New methodologies…

In the olden days – e.g. the 19th Century – science was severely hampered by the lack of technology to perform the experiments that those gentlemen (sorry, gentlewomen…) of the 20th and 21st Centuries of great vision and imagination conjured up. Today, we have access to an unparalleled arsenal of techniques and equipment to test our hypotheses (it is often our imagination that lets us down…). But that is not to say that we can’t use even more new methods and kit. So, here’s a bit of a catalogue of recent developments/break-through technologies in plant biology.

Whilst hormones (plant growth regulators?…) don’t control everything botanical, they are major players in co-ordinating growth and development. So, it would be useful to be able to see where they are in planta. Well, Géraldine Brunoud et al. report a ‘novel sensor to map auxin response and distribution at high spatio-temporal resolution’. Amongst other things, this method ‘provides a map of relative auxin distribution at cellular resolution in different tissues’. The method was exploited to very good effect in demonstrating that ‘root gravitropism is regulated by a transient lateral auxin gradient controlled by a tipping-point mechanism’. Fed-up with the tedium of weekly subculture of plant cell suspensions? Well, fret no more: Anne-Marie Boisson et al. report ‘a simple and efficient method for the long-term preservation of plant cell suspension cultures’.

Too busy searching for your next post-doc position to solve protein structures yourself? Crowd-source it! This is how the still-unsolved-after-more-than-10-years-of-study problem of the folding of a protein was tackled, by an army of virtual lab assistants playing the ‘protein folding game’, Foldit – ‘an online puzzle video game about protein folding’. OK, so this work was actually done with ‘a retroviral protease of the Mason–Pfizer monkey virus, which causes an AIDS-like disease in monkeys’, but surely the principle’s the same for plant proteins. Envious of the ease with which your colleagues working with Nicotiana benthamiana can perform Agrobacterium-mediated transient transformation by leaf infiltration? Not any more! Kenichi Tsuda et al. present a protocol for an ‘efficient Agrobacterium-mediated transient transformation of Arabidopsis’. I know, and you thought we could do EVERYTHING with Arabidopsis, already. Well, looks like we can now! And many high-resolution methodologies and measurement techniques are showcased/reviewed in a special issue of our favourite journal about plants [second-favourite, surely? – Ed.], and a useful editorial overview is provided by Asaph Aharoni and Federica Brandizzi. One contribution that caught my eye was Ljudmilla Borisjuk et al.’s ‘Surveying the plant’s world by magnetic resonance imaging’, which shows the ingenuity of the botanist in adopting and adapting a technique more usually associated with biomedical applications.

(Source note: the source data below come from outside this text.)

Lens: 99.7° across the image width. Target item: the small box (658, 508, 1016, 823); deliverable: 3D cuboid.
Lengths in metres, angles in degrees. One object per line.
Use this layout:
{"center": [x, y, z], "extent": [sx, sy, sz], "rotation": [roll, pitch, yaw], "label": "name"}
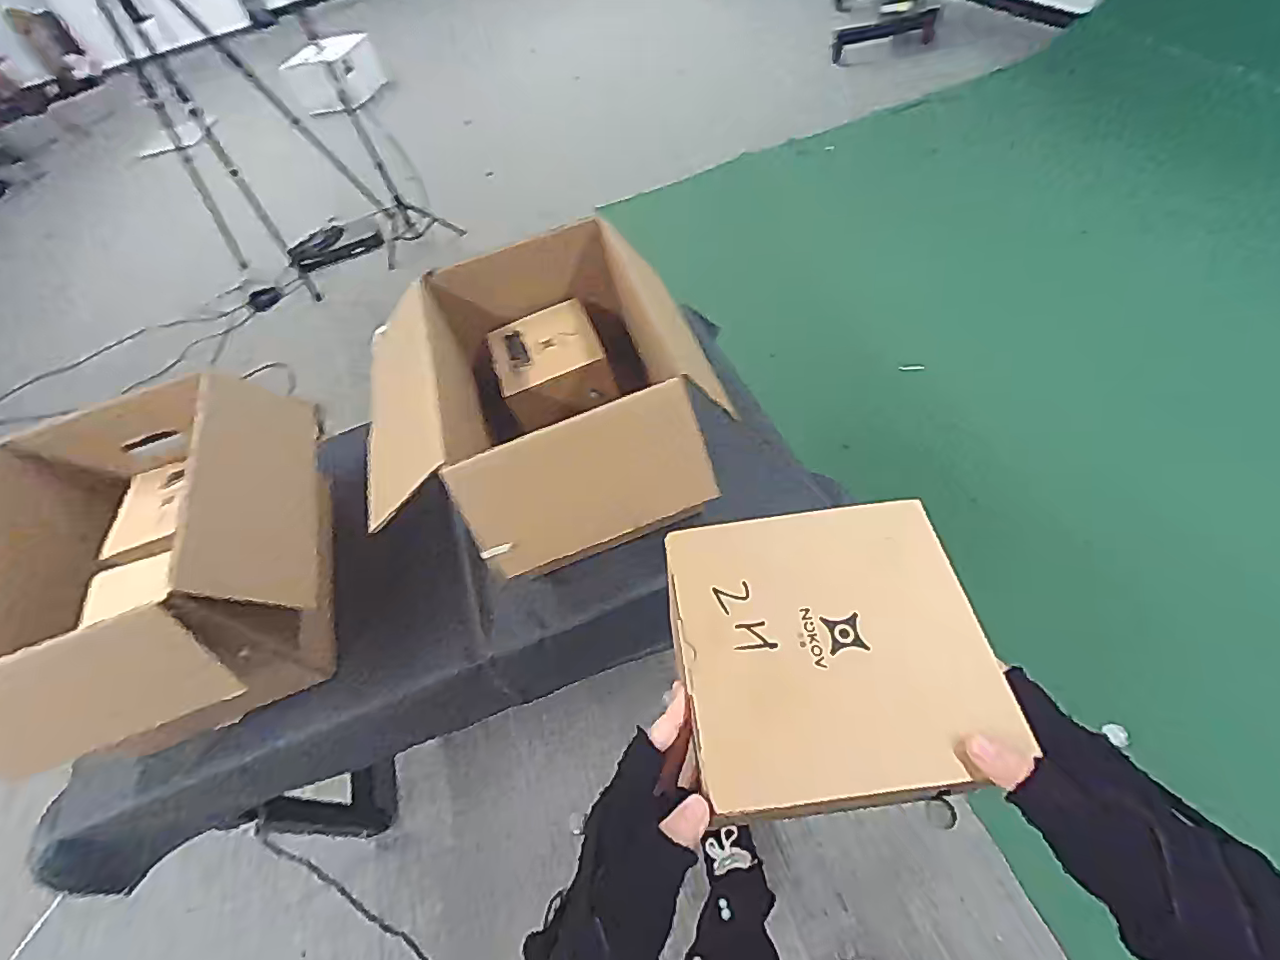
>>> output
{"center": [0.109, 0.140, 0.391], "extent": [0.179, 0.176, 0.168], "rotation": [-7, 54, -1], "label": "small box"}

Penultimately, Guido Grossmann et al. present the RootChip – ‘an integrated microfluidic chip for plant science’, which aims to overcome the acknowledged problems of studying development and physiology of growing roots. The RootChip integrates live-cell imaging of growth and metabolism of Arabidopsis thaliana roots with rapid modulation of environmental conditions, and can cope with multiple roots from multiple seedlings in parallel. As presented it sounds impressive, but am I wrong in thinking that roots tend to grow in the dark, in soil? Well, the image accompanying the article shows roots in transparent plastic tubes, in a well-lit lab. Maybe that’s just for purposes of illustration and the meaningful measurements, etc, are made when the roots are in their native darkened state.

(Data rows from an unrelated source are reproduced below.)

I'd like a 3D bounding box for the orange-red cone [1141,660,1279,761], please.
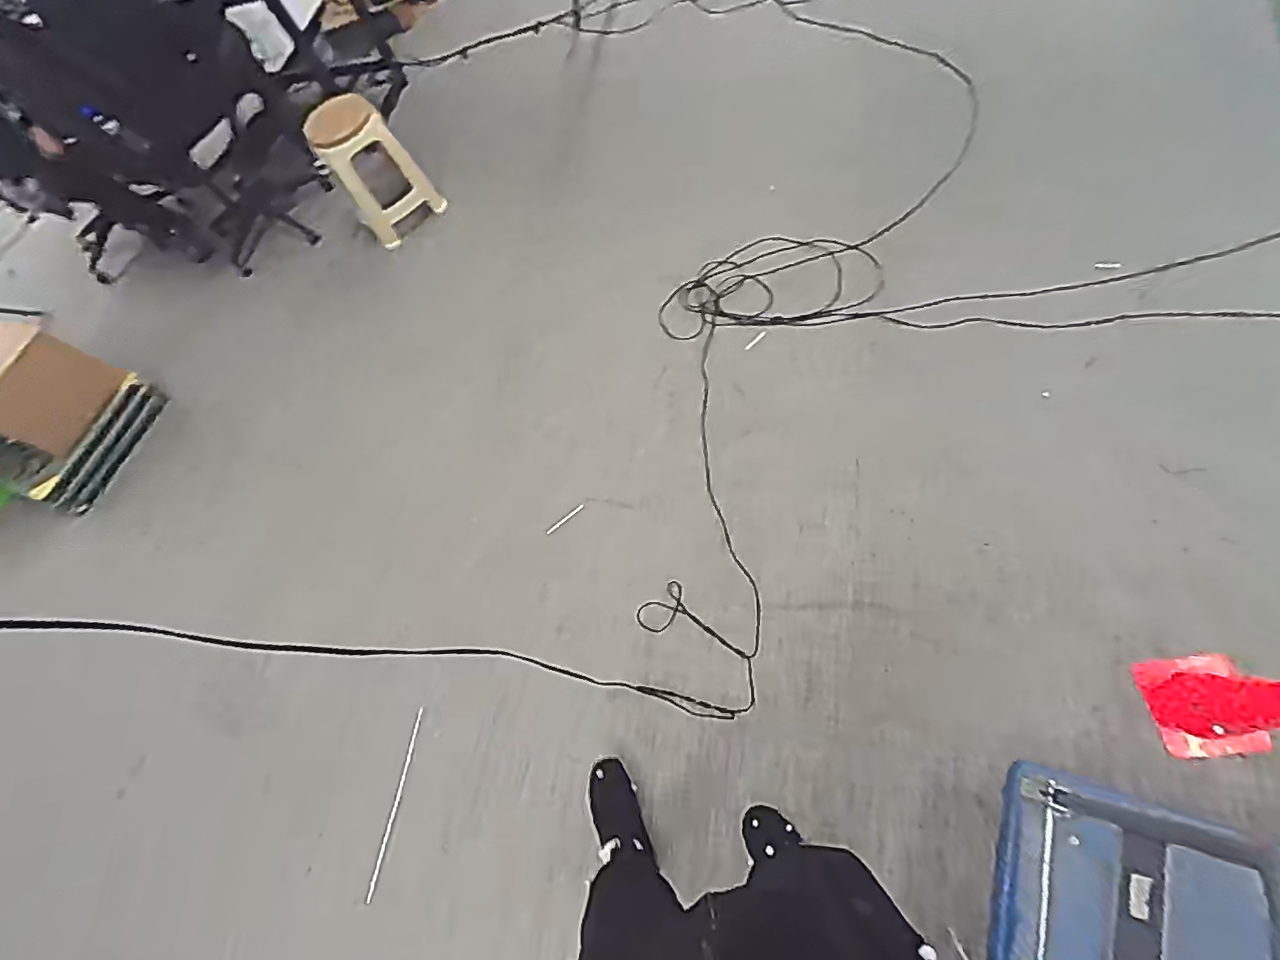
[{"bbox_3d":[1.218,0.438,1.047,0.198,0.360,0.199,-10,63,9],"label":"orange-red cone"}]
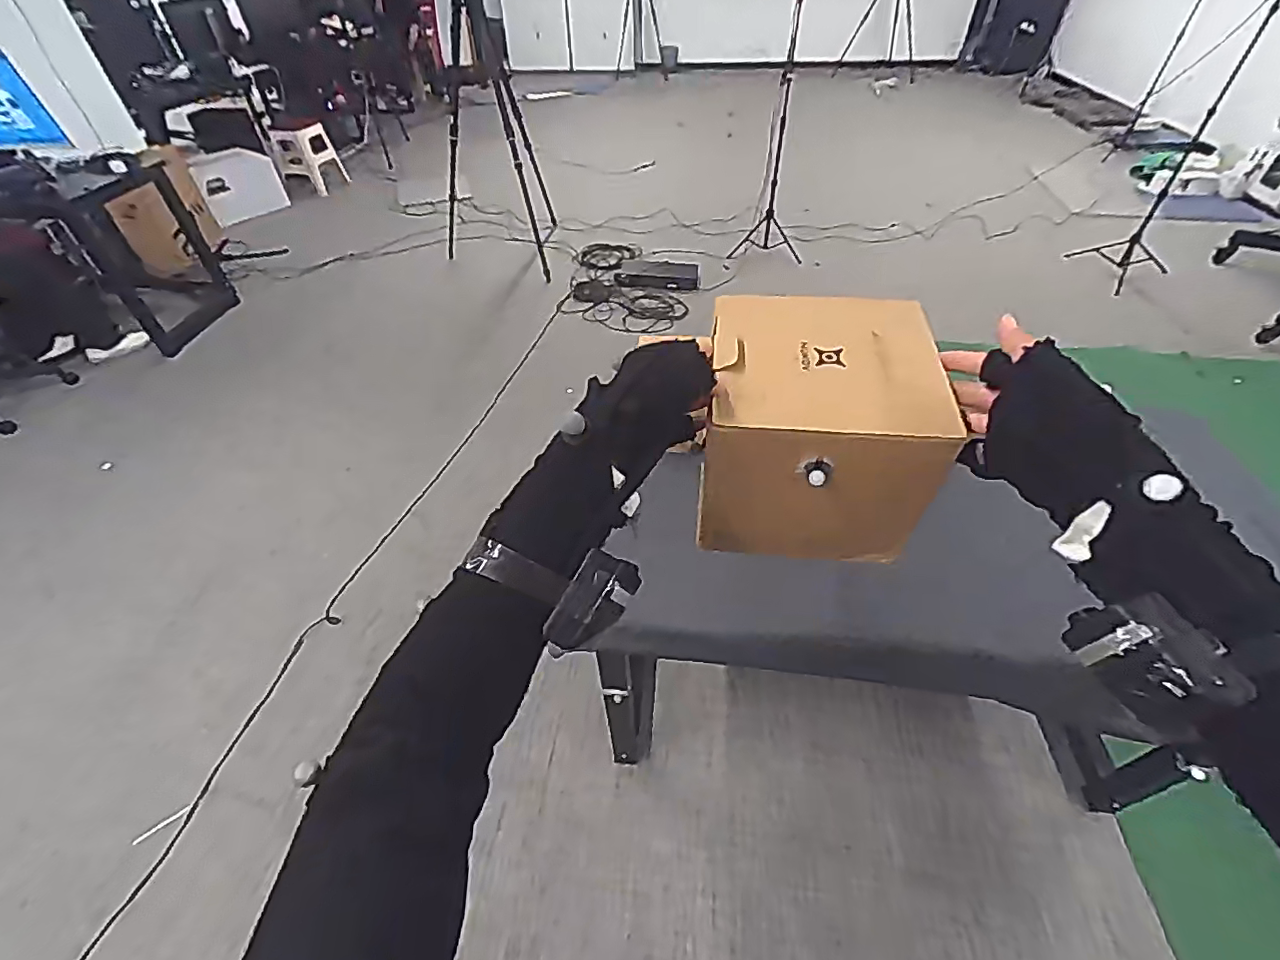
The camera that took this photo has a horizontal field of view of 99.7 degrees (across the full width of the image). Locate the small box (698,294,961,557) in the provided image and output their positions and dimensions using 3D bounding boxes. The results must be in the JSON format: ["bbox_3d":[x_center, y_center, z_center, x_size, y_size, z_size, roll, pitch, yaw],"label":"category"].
[{"bbox_3d":[0.146,-0.045,0.488,0.179,0.176,0.168,5,52,5],"label":"small box"}]

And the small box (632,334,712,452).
[{"bbox_3d":[0.080,-0.173,1.091,0.179,0.176,0.168,4,47,4],"label":"small box"}]

Finally, recognising that the ability to quantify the geometry of plant organs at the cellular scale can provide novel insights into their structural organisation, Andrew French et al. present a tool to count and measure individual neighbouring cells along a defined file in confocal laser scanning microscope images. Amongst other uses, the Cell-o-Tape tool can be used to provide an estimate of the position of transition into the elongation zone of an Arabidopsis root – a location apparently ‘sensitive’ to the subjectivity of the experimenter. Quite a list – which is by no means exhaustive! – but, my personal favourite is… Cell-o-Tape. And I’m sticking to it!